Showdown at the DC Corral via The Hill
House Judiciary Committee Democrats warned yesterday they would pursue a contempt of Congress motion if the White House fails respond to subpoenas for testimony and documents related to the firings of U.S. attorneys last year.
The deadline for a response is Thursday, June 28. If the White House does not comply, it opens the possibility of a constitutional showdown between the two branches. In an ironic twist, the Department of Justice (DoJ) would be called on to enforce the contempt motion.
Folks, this ratchets things up to an entire new level because contempt of Congress is a criminal violation which can, and in some cases has, led to both fines of as high as $10,000 and prison terms as long as 6 months, plus 5 years probation (in the case of former EPA Offical Rita Lavelle who was convicted of Perjury in 2004)
More from Conyers.
"The House and Senate judiciary committees have issued subpoenas to the White House for documents and testimony," said Conyers. "We’re still hopeful they may cooperate. But it’s still possible that enforcement action may be taken."
"We want to know where the lines go from the DoJ to the White House," he said. "That’s where these bread crumbs keep leading us and then they get lost in the snow or something."
Right now the specific targets of the Contempt Charges would include White House Chief of Staff Josh Bolton, whom the subpoenas have been directed to, as well as former White House Counsel Harriet Miers and former White House political director - and Karl Rove Deputy - Sara "Cummins was Lazy" Taylor.
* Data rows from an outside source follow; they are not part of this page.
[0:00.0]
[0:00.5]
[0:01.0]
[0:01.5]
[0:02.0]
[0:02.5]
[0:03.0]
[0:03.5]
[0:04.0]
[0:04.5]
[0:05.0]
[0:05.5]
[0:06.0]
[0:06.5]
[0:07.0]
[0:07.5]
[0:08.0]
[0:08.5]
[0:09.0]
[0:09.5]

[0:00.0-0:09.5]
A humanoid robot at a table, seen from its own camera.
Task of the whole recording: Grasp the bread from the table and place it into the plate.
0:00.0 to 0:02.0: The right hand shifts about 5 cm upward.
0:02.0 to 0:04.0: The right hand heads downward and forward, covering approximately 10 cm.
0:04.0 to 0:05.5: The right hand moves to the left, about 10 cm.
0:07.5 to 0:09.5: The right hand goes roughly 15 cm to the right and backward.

Although Taylor has accepted her subpoena and agreed to testify just why would Conyers want additional White House documents? Well, maybe because of what Kyle Sampson told them behind closed doors according to Karen Tumulty at Time.
In private testimony that is being released this afternoon by the commitee, Alberto Gonzales’s former Chief of Staff Kyle Sampson told investigators that Gonzales himself initially resisted the idea of bypassing the Senators from Arkansas to install Karl Rove protege Tim Griffin as U.S. Attorney for the Eastern District of Arkansas. Pressure to do it, he suggested, was coming from officials at the White House–specifically, White House political director Sara Taylor, her deputy Scott Jennings and Chris Oprison, the associate White House counsel. Sampson described himself and Goodling as "open to the idea," which is not the same as instigating it.
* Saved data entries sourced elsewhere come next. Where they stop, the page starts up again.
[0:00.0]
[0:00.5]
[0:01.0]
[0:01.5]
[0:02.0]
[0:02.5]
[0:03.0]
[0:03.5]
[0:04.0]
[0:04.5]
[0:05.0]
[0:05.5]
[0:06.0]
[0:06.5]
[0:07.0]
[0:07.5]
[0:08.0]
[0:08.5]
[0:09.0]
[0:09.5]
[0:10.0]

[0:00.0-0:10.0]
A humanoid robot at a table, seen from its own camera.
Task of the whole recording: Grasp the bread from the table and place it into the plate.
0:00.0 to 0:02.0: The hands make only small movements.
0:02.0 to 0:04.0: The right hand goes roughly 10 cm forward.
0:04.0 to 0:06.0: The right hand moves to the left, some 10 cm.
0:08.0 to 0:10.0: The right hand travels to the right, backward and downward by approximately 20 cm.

If Conyers' Judiciary Committee passes the contempt vote, the procedures is then for the measure to be referred to the full House - if it passes there as well it becomes a criminal matter, only this is also where things also get a bit sticky.
The standard procedure from this point is for the Contempt charges to be taken up by the sitting U.S. Attorney for the District of Columbia who would then convene a Grand Jury prior to issueing indictments. That U.S. Attorney currently happens to be Jeffrey A. Taylor who was appointed by Alberto Gonzales as an interim replacement USA by-passing Senate Confirmation under a loophole in the Patriot Act (although it should be noted - no one was fired to make room for Taylor as his appointment took place in September of 2006, several months before the "purging of the Big 8".)
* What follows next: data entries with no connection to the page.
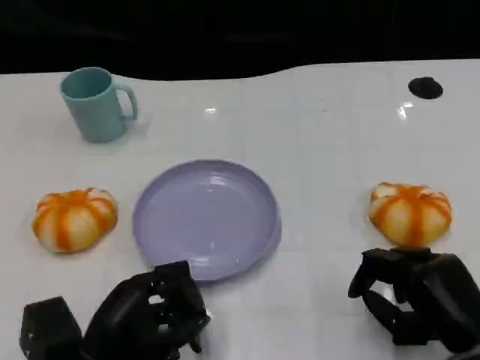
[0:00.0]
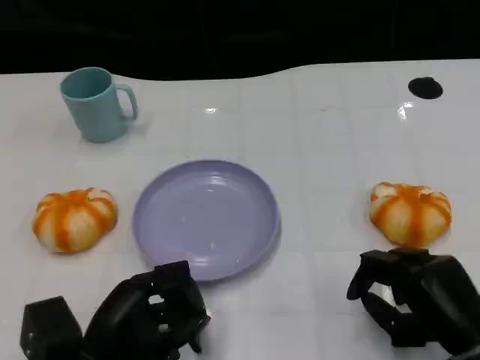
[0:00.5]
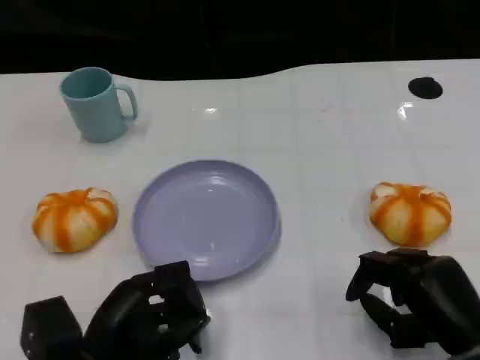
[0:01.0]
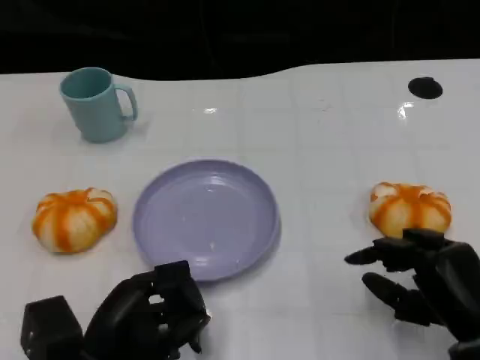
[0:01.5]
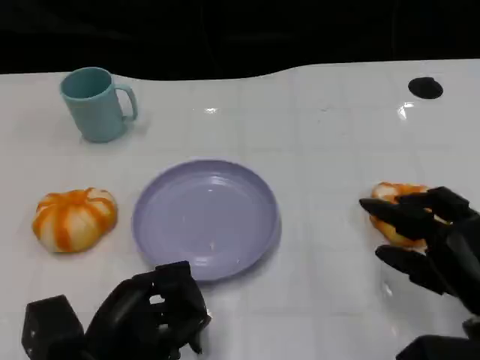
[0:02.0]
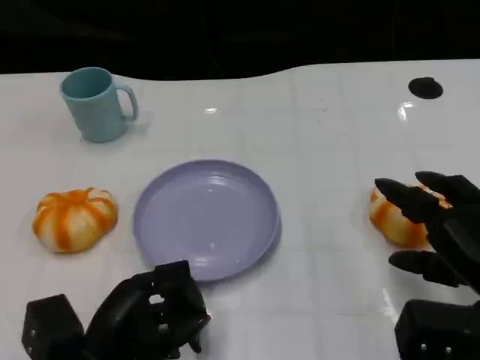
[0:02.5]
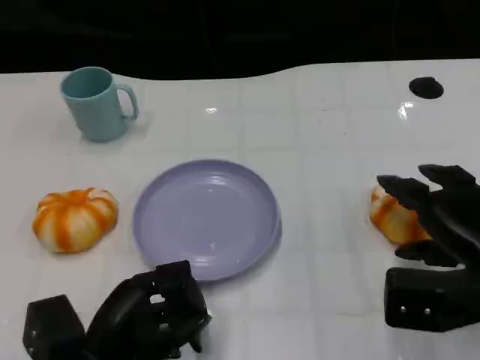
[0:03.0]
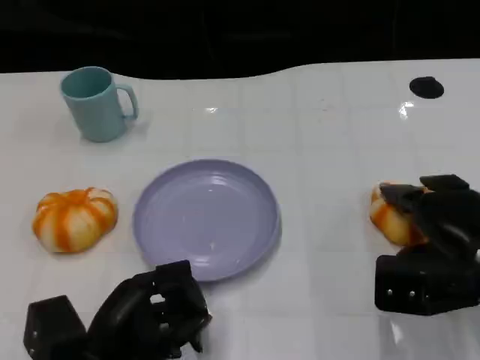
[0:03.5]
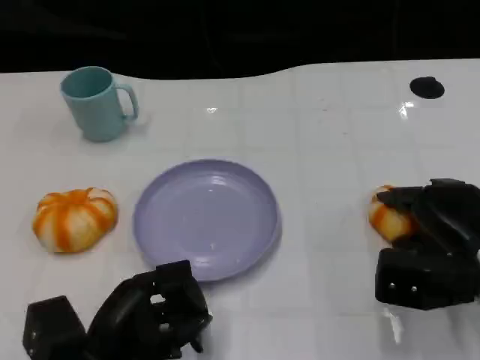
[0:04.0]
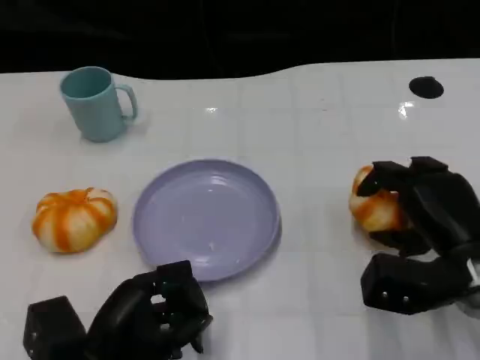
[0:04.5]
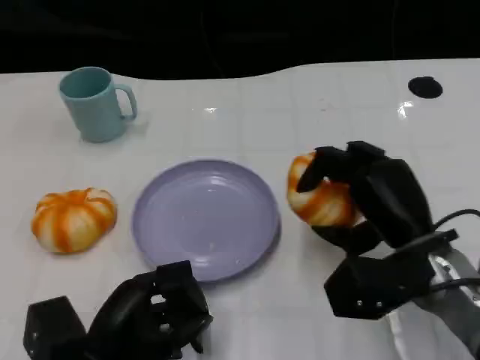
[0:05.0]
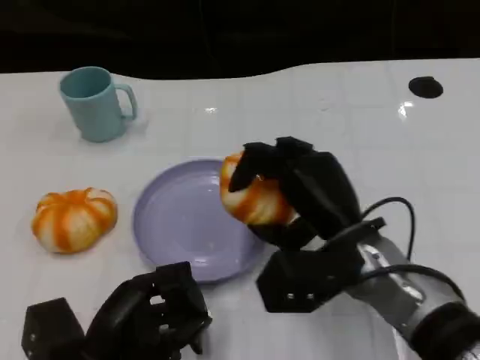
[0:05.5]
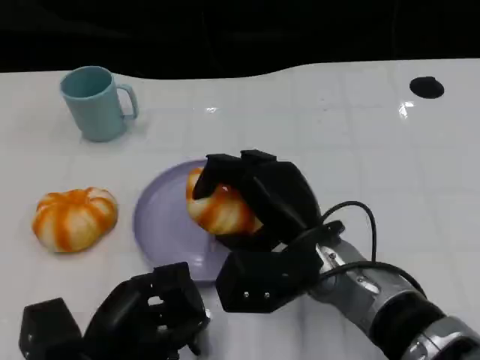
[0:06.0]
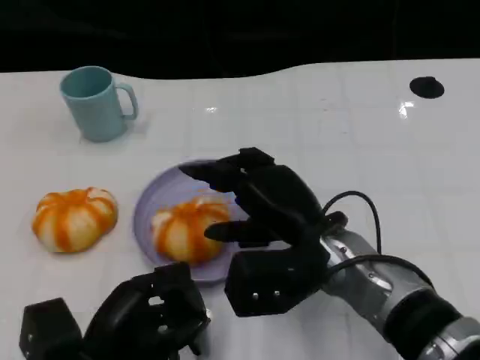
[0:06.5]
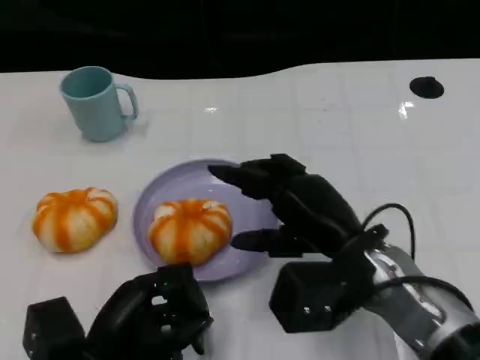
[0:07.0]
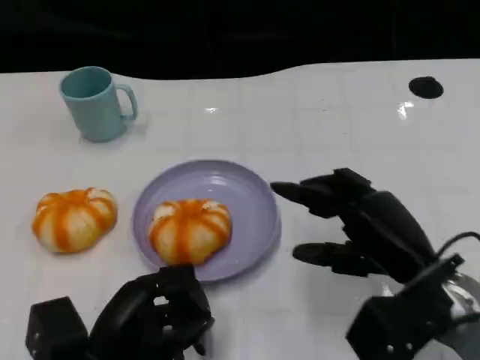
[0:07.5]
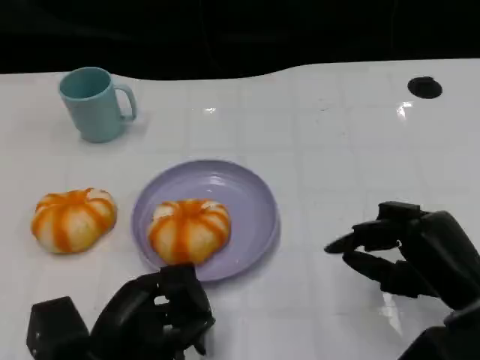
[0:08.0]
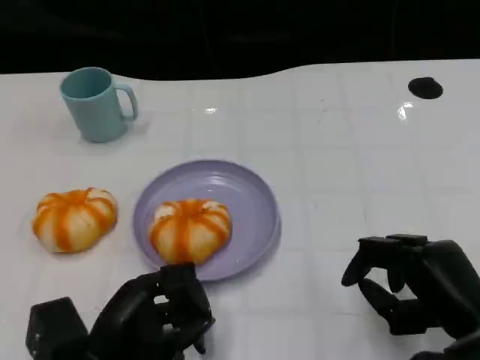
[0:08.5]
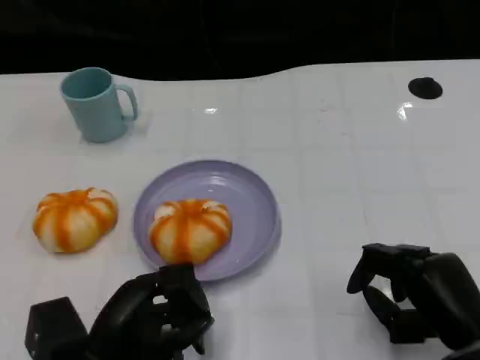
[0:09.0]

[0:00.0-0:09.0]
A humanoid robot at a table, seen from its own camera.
Task of the whole recording: Grasp the bread from the table and place it into the plate.
0:00.0 to 0:02.0: The hands stay close to where they were, moving slightly.
0:02.0 to 0:04.5: The right hand goes some 5 cm forward.
0:04.5 to 0:07.0: The right hand goes roughly 10 cm to the left.
0:07.0 to 0:09.0: The right hand moves to the right, backward and downward, roughly 15 cm.

Unlike most of the replacement Attorneys, Taylor actually does have some prosecutorial experience from 5 years he spent as an assistant U.S. Attorney for the Southern District of California. He's served as Majority Counsel for the Senate Judiciary Committee (under Senator Orrin Hatch and helped draft many provisions of the Patriot Act) and has been an Conselor at the DOJ assisting both John Ashcroft and Alberto Gonzales on matters of "national security, terrorism, and criminal litigation and policy".
So would Mr. Taylor deign to actually call a Grand Jury to investigate various White House personnel for contempt of congress, when - to some extent - it might essentially involve an investigation of his own appointment!?
Wikipedia isn't so sure.
Under 2 U.S.C. § 194, once either the House or the Senate issues a citation for contempt of Congress, it is referred to the U.S. Attorney for the District of Columbia, "whose duty it shall be to bring the matter before the grand jury for its action." It is unclear (as of President Bush's March 20, 2007 declaration that he would not comply with Congressional subpoenas on this matter) whether Mr. Taylor would fulfill this duty to convene a grand jury, or resist Congress at the direction of Bush or Gonzales.